START Supplied material
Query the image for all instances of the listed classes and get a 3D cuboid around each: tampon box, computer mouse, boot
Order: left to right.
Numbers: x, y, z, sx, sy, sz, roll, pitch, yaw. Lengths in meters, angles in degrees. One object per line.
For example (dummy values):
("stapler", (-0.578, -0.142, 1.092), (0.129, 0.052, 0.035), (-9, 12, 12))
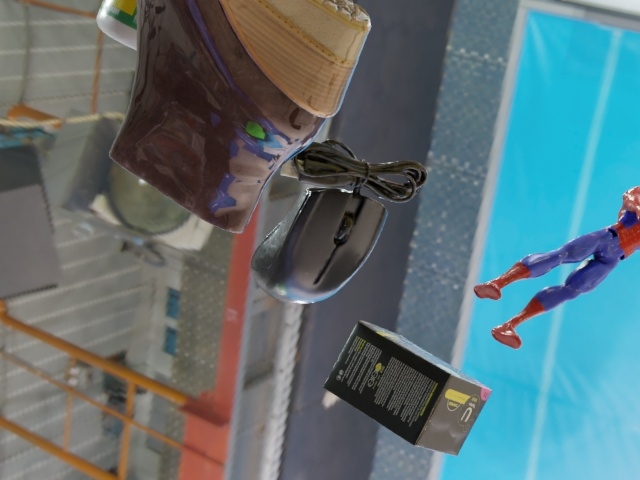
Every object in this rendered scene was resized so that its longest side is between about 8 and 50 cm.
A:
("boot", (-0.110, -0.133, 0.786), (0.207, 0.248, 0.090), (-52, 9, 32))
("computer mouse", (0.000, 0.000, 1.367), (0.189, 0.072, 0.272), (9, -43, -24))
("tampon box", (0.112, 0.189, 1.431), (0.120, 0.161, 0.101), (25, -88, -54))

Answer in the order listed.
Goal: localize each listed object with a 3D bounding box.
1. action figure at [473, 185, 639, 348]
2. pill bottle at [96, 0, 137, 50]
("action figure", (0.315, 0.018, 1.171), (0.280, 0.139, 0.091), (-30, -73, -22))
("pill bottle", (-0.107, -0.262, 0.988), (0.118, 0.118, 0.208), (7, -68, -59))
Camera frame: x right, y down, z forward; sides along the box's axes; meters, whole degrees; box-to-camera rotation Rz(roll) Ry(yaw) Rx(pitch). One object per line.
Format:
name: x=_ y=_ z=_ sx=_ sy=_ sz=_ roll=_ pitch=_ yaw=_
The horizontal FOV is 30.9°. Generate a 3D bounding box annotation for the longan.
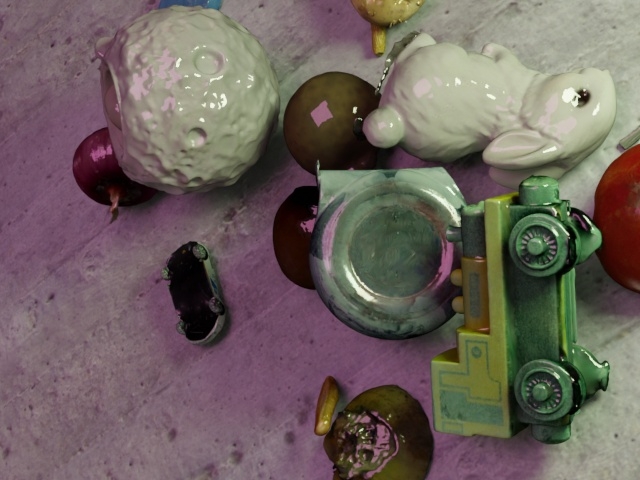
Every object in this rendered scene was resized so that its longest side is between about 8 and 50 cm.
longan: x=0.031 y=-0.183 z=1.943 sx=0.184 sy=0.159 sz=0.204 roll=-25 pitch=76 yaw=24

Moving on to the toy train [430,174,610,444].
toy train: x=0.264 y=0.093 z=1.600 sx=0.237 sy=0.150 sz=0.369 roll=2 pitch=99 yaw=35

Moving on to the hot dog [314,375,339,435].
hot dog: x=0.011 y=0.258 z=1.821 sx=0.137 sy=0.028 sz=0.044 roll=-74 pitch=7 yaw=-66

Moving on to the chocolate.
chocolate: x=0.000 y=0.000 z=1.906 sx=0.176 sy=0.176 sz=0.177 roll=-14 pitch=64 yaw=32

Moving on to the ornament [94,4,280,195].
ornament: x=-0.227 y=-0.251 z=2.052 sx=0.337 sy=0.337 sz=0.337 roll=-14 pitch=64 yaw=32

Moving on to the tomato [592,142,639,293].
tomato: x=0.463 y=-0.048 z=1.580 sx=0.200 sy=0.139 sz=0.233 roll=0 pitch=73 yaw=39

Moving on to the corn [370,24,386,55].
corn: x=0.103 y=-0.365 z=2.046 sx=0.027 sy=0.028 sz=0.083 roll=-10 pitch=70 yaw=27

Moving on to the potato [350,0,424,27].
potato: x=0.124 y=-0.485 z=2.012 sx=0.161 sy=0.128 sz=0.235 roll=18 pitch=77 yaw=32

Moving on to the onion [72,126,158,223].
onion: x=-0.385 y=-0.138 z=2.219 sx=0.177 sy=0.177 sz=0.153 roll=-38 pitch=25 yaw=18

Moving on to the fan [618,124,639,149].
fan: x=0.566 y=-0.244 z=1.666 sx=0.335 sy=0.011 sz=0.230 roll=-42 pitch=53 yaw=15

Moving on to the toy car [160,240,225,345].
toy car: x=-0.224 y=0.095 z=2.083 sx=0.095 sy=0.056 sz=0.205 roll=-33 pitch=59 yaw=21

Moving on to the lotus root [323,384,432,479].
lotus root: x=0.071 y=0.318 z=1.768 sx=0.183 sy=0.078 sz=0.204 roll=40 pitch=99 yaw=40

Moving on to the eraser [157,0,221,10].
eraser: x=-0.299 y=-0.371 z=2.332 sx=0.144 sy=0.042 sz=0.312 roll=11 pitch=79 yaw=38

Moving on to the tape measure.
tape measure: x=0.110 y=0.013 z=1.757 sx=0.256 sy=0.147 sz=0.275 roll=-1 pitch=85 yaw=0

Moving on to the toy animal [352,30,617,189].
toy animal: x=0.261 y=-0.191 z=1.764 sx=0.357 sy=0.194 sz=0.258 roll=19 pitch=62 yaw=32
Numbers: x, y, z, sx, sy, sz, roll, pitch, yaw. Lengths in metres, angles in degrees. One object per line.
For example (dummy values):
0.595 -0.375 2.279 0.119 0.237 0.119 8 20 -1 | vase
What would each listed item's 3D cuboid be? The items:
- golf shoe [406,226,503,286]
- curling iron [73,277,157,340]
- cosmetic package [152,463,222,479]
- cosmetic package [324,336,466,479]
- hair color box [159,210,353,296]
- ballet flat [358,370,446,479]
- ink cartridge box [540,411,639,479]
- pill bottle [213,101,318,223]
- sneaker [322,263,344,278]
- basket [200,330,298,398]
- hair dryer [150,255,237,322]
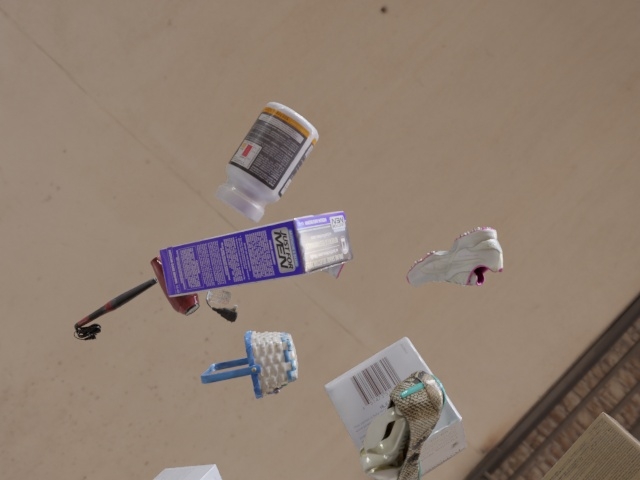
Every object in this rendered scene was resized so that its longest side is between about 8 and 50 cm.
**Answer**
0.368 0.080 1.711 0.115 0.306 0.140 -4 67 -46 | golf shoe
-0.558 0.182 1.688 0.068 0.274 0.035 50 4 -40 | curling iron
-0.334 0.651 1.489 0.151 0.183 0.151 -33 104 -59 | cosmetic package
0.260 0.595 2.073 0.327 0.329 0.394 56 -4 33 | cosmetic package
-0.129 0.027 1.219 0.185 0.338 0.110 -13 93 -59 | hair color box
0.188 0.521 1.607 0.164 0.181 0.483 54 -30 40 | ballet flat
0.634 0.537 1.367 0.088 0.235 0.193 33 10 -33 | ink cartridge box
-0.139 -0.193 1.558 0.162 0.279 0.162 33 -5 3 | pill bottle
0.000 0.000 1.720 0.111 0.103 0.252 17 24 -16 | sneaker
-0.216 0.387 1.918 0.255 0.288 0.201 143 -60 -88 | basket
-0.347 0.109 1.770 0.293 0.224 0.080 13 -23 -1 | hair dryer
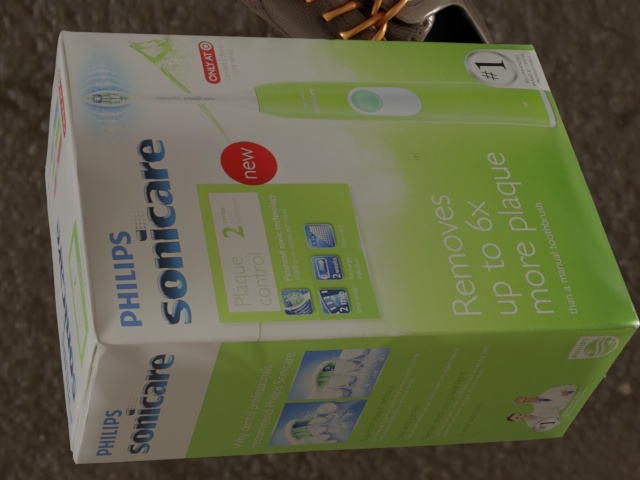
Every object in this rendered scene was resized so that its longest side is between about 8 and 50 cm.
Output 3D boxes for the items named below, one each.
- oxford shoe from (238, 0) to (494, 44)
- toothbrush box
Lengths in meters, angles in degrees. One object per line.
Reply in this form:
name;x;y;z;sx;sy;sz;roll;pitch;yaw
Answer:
END Supplied material
* _What you are asked to do_
All entries must be output exactly as they stand, and every picture must be left out.

* _Result of the task_
Query the image for all instances of the listed classes and get a 3D cuboid around each: tampon box, computer mouse, boot
Order: left to right.
Numbers: x, y, z, sx, sy, sz, roll, pitch, yaw. Lengths in meters, angles in degrees. One object per line.
For example (dummy values):
("stapler", (-0.578, -0.142, 1.092), (0.129, 0.052, 0.035), (-9, 12, 12))
Every object in this rendered scene was resized so that its longest side is between about 8 and 50 cm.
A:
("boot", (-0.110, -0.133, 0.786), (0.207, 0.248, 0.090), (-52, 9, 32))
("computer mouse", (0.000, 0.000, 1.367), (0.189, 0.072, 0.272), (9, -43, -24))
("tampon box", (0.112, 0.189, 1.431), (0.120, 0.161, 0.101), (25, -88, -54))

Answer in the order listed.
Goal: localize each listed object with a 3D bounding box.
1. action figure at [473, 185, 639, 348]
2. pill bottle at [96, 0, 137, 50]
("action figure", (0.315, 0.018, 1.171), (0.280, 0.139, 0.091), (-30, -73, -22))
("pill bottle", (-0.107, -0.262, 0.988), (0.118, 0.118, 0.208), (7, -68, -59))
Camera frame: x right, y down, z forward; sides along the box's axes; meters, whole degrees; box-to-camera rotation Rz(roll) Ry(yaw) Rx(pitch). One object per line.
Format:
name: x=_ y=_ z=_ sx=_ sy=_ sz=_ roll=_ pitch=_ yaw=_
The horizontal FOV is 30.9°. Generate a 3D bounding box annotation for the longan.
Every object in this rendered scene was resized so that its longest side is between about 8 and 50 cm.
longan: x=0.031 y=-0.183 z=1.943 sx=0.184 sy=0.159 sz=0.204 roll=-25 pitch=76 yaw=24

Moving on to the toy train [430,174,610,444].
toy train: x=0.264 y=0.093 z=1.600 sx=0.237 sy=0.150 sz=0.369 roll=2 pitch=99 yaw=35

Moving on to the hot dog [314,375,339,435].
hot dog: x=0.011 y=0.258 z=1.821 sx=0.137 sy=0.028 sz=0.044 roll=-74 pitch=7 yaw=-66

Moving on to the chocolate.
chocolate: x=0.000 y=0.000 z=1.906 sx=0.176 sy=0.176 sz=0.177 roll=-14 pitch=64 yaw=32

Moving on to the ornament [94,4,280,195].
ornament: x=-0.227 y=-0.251 z=2.052 sx=0.337 sy=0.337 sz=0.337 roll=-14 pitch=64 yaw=32

Moving on to the tomato [592,142,639,293].
tomato: x=0.463 y=-0.048 z=1.580 sx=0.200 sy=0.139 sz=0.233 roll=0 pitch=73 yaw=39

Moving on to the corn [370,24,386,55].
corn: x=0.103 y=-0.365 z=2.046 sx=0.027 sy=0.028 sz=0.083 roll=-10 pitch=70 yaw=27

Moving on to the potato [350,0,424,27].
potato: x=0.124 y=-0.485 z=2.012 sx=0.161 sy=0.128 sz=0.235 roll=18 pitch=77 yaw=32

Moving on to the onion [72,126,158,223].
onion: x=-0.385 y=-0.138 z=2.219 sx=0.177 sy=0.177 sz=0.153 roll=-38 pitch=25 yaw=18

Moving on to the fan [618,124,639,149].
fan: x=0.566 y=-0.244 z=1.666 sx=0.335 sy=0.011 sz=0.230 roll=-42 pitch=53 yaw=15

Moving on to the toy car [160,240,225,345].
toy car: x=-0.224 y=0.095 z=2.083 sx=0.095 sy=0.056 sz=0.205 roll=-33 pitch=59 yaw=21

Moving on to the lotus root [323,384,432,479].
lotus root: x=0.071 y=0.318 z=1.768 sx=0.183 sy=0.078 sz=0.204 roll=40 pitch=99 yaw=40

Moving on to the eraser [157,0,221,10].
eraser: x=-0.299 y=-0.371 z=2.332 sx=0.144 sy=0.042 sz=0.312 roll=11 pitch=79 yaw=38

Moving on to the tape measure.
tape measure: x=0.110 y=0.013 z=1.757 sx=0.256 sy=0.147 sz=0.275 roll=-1 pitch=85 yaw=0

Moving on to the toy animal [352,30,617,189].
toy animal: x=0.261 y=-0.191 z=1.764 sx=0.357 sy=0.194 sz=0.258 roll=19 pitch=62 yaw=32
Numbers: x, y, z, sx, sy, sz, roll, pitch, yaw. Lengths in metres, angles in degrees. One object per line.
For example (dummy values):
0.595 -0.375 2.279 0.119 0.237 0.119 8 20 -1 | vase
What would each listed item's 3D cuboid be? The items:
- golf shoe [406,226,503,286]
- curling iron [73,277,157,340]
- cosmetic package [152,463,222,479]
- cosmetic package [324,336,466,479]
- hair color box [159,210,353,296]
- ballet flat [358,370,446,479]
- ink cartridge box [540,411,639,479]
- pill bottle [213,101,318,223]
- sneaker [322,263,344,278]
- basket [200,330,298,398]
- hair dryer [150,255,237,322]
Every object in this rendered scene was resized so that its longest side is between about 8 and 50 cm.
**Answer**
0.368 0.080 1.711 0.115 0.306 0.140 -4 67 -46 | golf shoe
-0.558 0.182 1.688 0.068 0.274 0.035 50 4 -40 | curling iron
-0.334 0.651 1.489 0.151 0.183 0.151 -33 104 -59 | cosmetic package
0.260 0.595 2.073 0.327 0.329 0.394 56 -4 33 | cosmetic package
-0.129 0.027 1.219 0.185 0.338 0.110 -13 93 -59 | hair color box
0.188 0.521 1.607 0.164 0.181 0.483 54 -30 40 | ballet flat
0.634 0.537 1.367 0.088 0.235 0.193 33 10 -33 | ink cartridge box
-0.139 -0.193 1.558 0.162 0.279 0.162 33 -5 3 | pill bottle
0.000 0.000 1.720 0.111 0.103 0.252 17 24 -16 | sneaker
-0.216 0.387 1.918 0.255 0.288 0.201 143 -60 -88 | basket
-0.347 0.109 1.770 0.293 0.224 0.080 13 -23 -1 | hair dryer
Every object in this rendered scene was resized so that its longest side is between about 8 and 50 cm.
Output 3D boxes for the items named below, one each.
- oxford shoe from (238, 0) to (494, 44)
- toothbrush box
Lengths in meters, angles in degrees. One object per line.
Reply in this form:
name;x;y;z;sx;sy;sz;roll;pitch;yaw
Answer:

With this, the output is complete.